I'm trying to find the frequency of strings from the field "Select Investors" on this website https://www.cbinsights.com/research-unicorn-companies

Is there a way to pull out the frequency of each of the comma separated strings?

For example, how frequent does the term "Sequoia Capital China" show up?


Solution

  • The solution provided by @Mazhar checks whether a certain term is a substring of a string delimited by commas.
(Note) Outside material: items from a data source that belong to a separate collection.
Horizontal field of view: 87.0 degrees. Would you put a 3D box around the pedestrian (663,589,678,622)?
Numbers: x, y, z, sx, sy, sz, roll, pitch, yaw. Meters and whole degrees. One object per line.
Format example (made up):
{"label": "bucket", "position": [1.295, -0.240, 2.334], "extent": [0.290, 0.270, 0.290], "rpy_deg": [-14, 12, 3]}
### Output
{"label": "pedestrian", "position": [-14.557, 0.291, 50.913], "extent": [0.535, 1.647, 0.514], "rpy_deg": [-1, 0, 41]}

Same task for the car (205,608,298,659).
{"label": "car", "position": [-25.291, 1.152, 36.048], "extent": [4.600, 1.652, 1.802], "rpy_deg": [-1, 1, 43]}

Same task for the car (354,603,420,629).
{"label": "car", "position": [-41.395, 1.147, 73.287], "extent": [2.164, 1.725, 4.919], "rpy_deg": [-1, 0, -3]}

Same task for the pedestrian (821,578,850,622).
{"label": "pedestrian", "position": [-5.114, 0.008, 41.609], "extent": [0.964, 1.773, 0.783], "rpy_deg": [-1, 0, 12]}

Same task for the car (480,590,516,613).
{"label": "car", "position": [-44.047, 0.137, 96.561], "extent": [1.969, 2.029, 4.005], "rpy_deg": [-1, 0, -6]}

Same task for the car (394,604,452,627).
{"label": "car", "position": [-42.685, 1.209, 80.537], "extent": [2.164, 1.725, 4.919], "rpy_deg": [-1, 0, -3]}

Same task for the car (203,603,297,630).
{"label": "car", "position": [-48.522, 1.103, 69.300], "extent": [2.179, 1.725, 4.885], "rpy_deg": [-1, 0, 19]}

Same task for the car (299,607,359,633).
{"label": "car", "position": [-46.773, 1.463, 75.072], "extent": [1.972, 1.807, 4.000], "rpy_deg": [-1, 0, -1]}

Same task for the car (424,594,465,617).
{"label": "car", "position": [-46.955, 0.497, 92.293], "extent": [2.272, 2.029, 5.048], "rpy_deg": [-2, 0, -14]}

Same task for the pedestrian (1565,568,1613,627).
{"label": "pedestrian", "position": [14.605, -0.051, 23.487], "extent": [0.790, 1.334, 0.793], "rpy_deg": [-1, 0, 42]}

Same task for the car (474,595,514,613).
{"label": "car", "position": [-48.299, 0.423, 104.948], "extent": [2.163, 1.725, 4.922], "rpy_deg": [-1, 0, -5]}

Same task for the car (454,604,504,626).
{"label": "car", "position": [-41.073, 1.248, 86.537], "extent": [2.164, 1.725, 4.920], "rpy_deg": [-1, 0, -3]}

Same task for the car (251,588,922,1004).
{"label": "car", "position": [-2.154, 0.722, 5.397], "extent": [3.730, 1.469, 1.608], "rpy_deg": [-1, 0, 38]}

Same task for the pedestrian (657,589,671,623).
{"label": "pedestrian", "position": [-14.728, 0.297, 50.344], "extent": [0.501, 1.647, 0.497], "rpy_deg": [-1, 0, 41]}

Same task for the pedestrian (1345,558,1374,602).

As a consequence, the number of occurrences of 'Sequoia Capital' returned by this approach is the sum of the occurrences of all the strings that contain 'Sequoia Capital', namely 'Sequoia Capital', 'Sequoia Capital China', 'Sequoia Capital India', 'Sequoia Capital Israel' and 'and Sequoia Capital China'. The following code avoids that issue:

    import pandas as pd
    from collections import defaultdict
    
    url = "https://www.cbinsights.com/research-unicorn-companies"
    df = pd.read_html(url)[0]
    
    freqs = defaultdict(int)
    for group in df['Select Investors']:
        if hasattr(group, 'lower'):
            for raw_investor in group.lower().split(','):
                investor = raw_investor.strip()
                # Ignore empty strings produced by wrong data like this:
                # 'B Capital Group,, GE Ventures, McKesson Ventures'
                if investor:
                    freqs[investor] += 1
    

    Demo

    In [57]: freqs['sequoia capital']
    Out[57]: 41
    
    In [58]: freqs['sequoia capital china']
    Out[58]: 46
    
    In [59]: freqs['sequoia capital india']
    Out[59]: 25
    
    In [60]: freqs['sequoia capital israel']
    Out[60]: 2
    
    In [61]: freqs['and sequoia capital china']
    Out[61]: 1
    

    The sum of occurrences is 115, which coincides with the frequency returned for 'sequoia capital' by the currently accepted solution.